[Opening Given entries section]
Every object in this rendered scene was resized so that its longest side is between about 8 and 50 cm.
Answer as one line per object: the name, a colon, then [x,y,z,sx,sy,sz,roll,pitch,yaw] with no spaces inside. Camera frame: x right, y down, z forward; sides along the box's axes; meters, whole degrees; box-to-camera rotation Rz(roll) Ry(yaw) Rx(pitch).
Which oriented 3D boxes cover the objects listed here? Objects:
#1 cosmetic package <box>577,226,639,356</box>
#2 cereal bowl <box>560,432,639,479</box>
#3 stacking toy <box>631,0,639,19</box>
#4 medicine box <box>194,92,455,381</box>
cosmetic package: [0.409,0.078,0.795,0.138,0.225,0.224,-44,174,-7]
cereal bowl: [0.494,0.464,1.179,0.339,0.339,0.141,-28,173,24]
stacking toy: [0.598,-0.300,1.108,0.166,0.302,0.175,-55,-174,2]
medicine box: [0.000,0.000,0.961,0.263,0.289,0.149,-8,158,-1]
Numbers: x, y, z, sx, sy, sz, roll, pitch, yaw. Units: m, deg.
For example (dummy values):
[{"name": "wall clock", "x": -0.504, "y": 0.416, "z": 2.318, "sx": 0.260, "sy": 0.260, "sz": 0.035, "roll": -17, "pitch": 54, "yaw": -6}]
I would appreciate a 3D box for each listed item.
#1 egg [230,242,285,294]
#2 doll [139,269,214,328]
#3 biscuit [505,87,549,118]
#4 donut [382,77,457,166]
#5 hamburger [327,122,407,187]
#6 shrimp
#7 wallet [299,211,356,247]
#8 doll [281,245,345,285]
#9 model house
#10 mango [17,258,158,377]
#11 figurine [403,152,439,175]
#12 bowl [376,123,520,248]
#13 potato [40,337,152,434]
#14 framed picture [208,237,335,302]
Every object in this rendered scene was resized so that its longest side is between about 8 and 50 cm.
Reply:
[Closing Given entries section]
[Opening Given entries section]
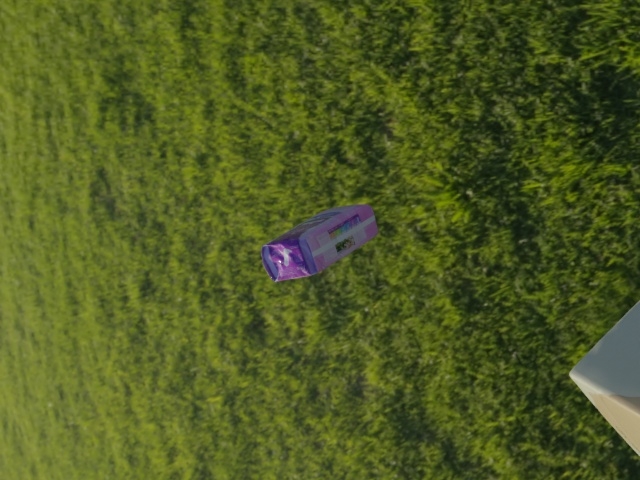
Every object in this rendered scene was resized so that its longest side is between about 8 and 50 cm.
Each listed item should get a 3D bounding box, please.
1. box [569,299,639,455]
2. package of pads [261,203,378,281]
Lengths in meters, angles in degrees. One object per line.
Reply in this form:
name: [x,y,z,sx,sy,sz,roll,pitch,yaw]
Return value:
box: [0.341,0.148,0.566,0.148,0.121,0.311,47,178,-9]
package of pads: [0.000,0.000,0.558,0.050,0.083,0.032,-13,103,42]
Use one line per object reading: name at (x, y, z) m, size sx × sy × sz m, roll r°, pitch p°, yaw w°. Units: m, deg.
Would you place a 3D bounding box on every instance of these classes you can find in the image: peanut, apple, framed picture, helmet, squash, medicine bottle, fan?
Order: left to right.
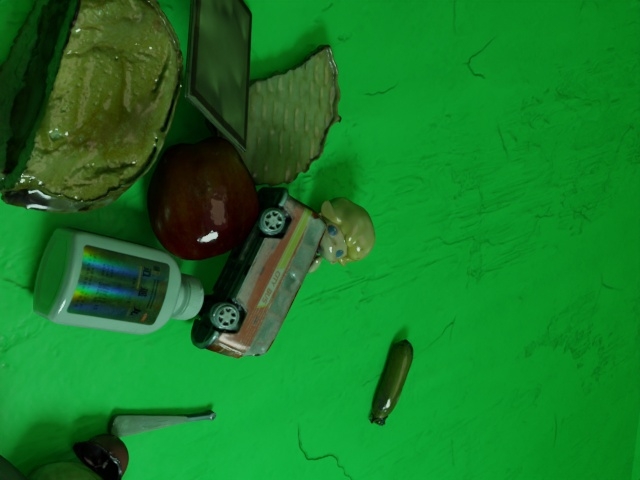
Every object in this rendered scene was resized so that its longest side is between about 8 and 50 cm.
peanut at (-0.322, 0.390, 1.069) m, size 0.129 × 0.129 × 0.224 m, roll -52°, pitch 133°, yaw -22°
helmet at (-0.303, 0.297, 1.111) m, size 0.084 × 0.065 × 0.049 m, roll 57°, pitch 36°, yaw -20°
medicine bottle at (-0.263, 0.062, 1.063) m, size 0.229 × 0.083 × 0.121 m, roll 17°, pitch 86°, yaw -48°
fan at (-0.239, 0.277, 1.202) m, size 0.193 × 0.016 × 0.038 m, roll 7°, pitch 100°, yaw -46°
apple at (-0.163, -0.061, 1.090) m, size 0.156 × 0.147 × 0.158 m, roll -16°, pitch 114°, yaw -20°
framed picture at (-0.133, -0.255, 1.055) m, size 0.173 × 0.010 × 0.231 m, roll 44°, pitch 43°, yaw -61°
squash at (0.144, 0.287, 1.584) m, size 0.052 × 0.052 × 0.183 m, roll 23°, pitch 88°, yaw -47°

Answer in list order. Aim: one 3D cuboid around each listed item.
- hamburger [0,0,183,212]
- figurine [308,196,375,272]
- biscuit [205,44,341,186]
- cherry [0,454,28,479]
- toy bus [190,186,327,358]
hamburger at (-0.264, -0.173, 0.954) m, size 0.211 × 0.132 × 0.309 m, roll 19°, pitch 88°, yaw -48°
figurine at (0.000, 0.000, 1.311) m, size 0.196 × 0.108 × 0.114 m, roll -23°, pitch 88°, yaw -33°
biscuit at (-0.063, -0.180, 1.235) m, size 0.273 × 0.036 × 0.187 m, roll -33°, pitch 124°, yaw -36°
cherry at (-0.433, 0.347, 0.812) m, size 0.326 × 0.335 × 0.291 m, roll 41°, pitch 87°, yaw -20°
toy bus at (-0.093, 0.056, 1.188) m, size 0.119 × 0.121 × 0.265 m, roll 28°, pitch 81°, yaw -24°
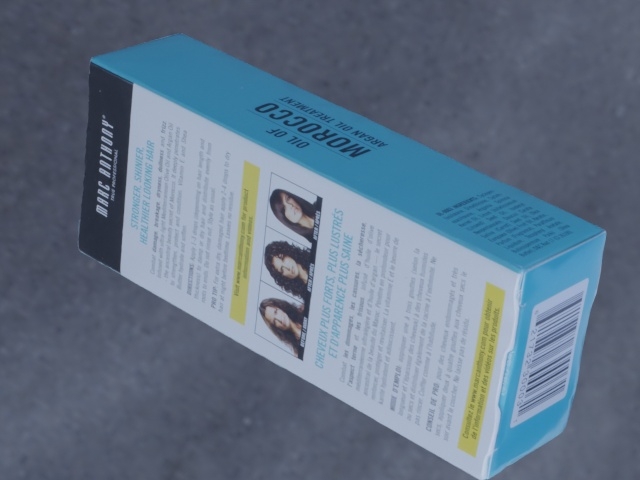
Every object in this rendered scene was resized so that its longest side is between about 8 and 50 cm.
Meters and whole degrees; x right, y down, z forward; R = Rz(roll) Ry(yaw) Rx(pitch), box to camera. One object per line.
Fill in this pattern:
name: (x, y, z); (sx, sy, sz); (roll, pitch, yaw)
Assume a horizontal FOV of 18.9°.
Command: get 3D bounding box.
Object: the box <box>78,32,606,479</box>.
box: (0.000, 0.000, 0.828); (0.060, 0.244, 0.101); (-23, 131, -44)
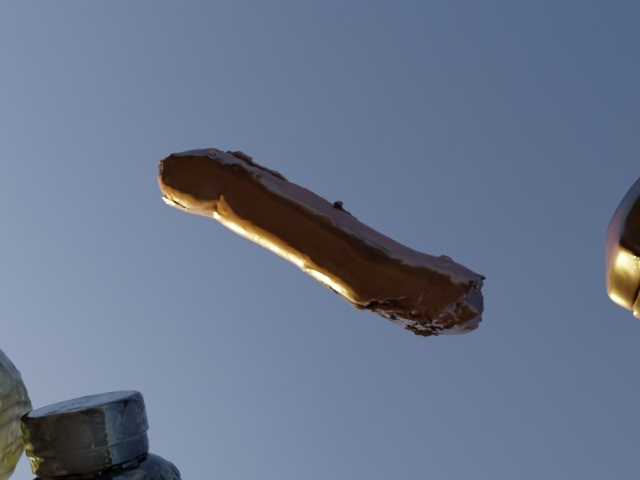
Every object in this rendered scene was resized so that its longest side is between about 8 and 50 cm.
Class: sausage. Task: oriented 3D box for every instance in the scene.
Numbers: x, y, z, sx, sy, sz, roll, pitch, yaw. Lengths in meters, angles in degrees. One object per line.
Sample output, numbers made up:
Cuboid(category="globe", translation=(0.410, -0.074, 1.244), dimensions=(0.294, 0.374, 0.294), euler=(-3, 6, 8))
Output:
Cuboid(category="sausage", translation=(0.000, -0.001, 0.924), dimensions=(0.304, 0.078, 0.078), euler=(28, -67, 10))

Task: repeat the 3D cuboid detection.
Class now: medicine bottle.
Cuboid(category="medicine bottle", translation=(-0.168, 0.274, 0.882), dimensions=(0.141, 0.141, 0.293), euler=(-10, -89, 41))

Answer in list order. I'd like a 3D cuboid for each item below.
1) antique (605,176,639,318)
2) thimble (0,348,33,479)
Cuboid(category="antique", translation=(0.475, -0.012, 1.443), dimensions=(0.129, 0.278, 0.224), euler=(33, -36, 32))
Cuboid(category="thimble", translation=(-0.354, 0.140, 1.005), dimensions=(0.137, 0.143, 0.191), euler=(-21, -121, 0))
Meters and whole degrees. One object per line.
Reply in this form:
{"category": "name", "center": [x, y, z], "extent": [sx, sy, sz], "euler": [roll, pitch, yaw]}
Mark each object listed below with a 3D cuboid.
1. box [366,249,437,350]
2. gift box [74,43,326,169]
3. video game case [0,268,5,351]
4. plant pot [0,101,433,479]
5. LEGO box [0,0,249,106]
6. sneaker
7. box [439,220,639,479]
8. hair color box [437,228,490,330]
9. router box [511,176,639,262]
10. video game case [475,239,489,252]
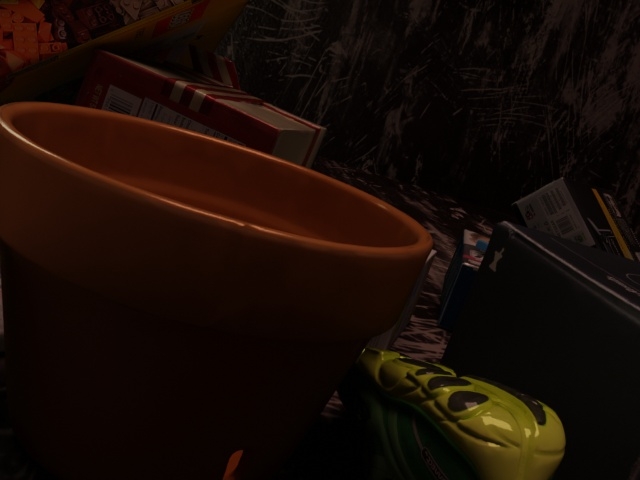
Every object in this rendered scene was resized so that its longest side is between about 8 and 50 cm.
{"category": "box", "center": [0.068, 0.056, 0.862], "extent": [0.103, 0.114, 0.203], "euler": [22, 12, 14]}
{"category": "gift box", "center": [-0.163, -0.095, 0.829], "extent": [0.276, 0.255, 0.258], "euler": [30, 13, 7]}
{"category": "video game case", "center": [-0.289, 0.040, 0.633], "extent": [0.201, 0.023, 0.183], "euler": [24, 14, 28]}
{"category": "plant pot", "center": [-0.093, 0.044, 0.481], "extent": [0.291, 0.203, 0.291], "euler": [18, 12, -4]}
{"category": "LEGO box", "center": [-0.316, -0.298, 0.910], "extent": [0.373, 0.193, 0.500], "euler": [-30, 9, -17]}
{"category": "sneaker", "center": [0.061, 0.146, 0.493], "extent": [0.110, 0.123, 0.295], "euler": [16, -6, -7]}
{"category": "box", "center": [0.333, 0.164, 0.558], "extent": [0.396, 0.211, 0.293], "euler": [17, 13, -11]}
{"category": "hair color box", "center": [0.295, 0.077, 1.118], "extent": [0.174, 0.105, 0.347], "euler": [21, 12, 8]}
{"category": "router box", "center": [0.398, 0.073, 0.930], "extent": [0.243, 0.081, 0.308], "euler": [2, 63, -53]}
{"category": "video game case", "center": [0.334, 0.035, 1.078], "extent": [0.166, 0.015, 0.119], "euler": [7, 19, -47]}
[Closing Given entries section]
■ What needs to be done
Write out exactly the lines that fall from the line with "#4 medicine box <box>194,92,455,381</box>" to the line with "#14 framed picture [208,237,335,302]" in the records above, keeping both ends.

■ Task response
#4 medicine box <box>194,92,455,381</box>
cosmetic package: [0.409,0.078,0.795,0.138,0.225,0.224,-44,174,-7]
cereal bowl: [0.494,0.464,1.179,0.339,0.339,0.141,-28,173,24]
stacking toy: [0.598,-0.300,1.108,0.166,0.302,0.175,-55,-174,2]
medicine box: [0.000,0.000,0.961,0.263,0.289,0.149,-8,158,-1]
Numbers: x, y, z, sx, sy, sz, roll, pitch, yaw. Units: m, deg.
For example (dummy values):
[{"name": "wall clock", "x": -0.504, "y": 0.416, "z": 2.318, "sx": 0.260, "sy": 0.260, "sz": 0.035, "roll": -17, "pitch": 54, "yaw": -6}]
I would appreciate a 3D box for each listed item.
#1 egg [230,242,285,294]
#2 doll [139,269,214,328]
#3 biscuit [505,87,549,118]
#4 donut [382,77,457,166]
#5 hamburger [327,122,407,187]
#6 shrimp
#7 wallet [299,211,356,247]
#8 doll [281,245,345,285]
#9 model house
#10 mango [17,258,158,377]
#11 figurine [403,152,439,175]
#12 bowl [376,123,520,248]
#13 potato [40,337,152,434]
#14 framed picture [208,237,335,302]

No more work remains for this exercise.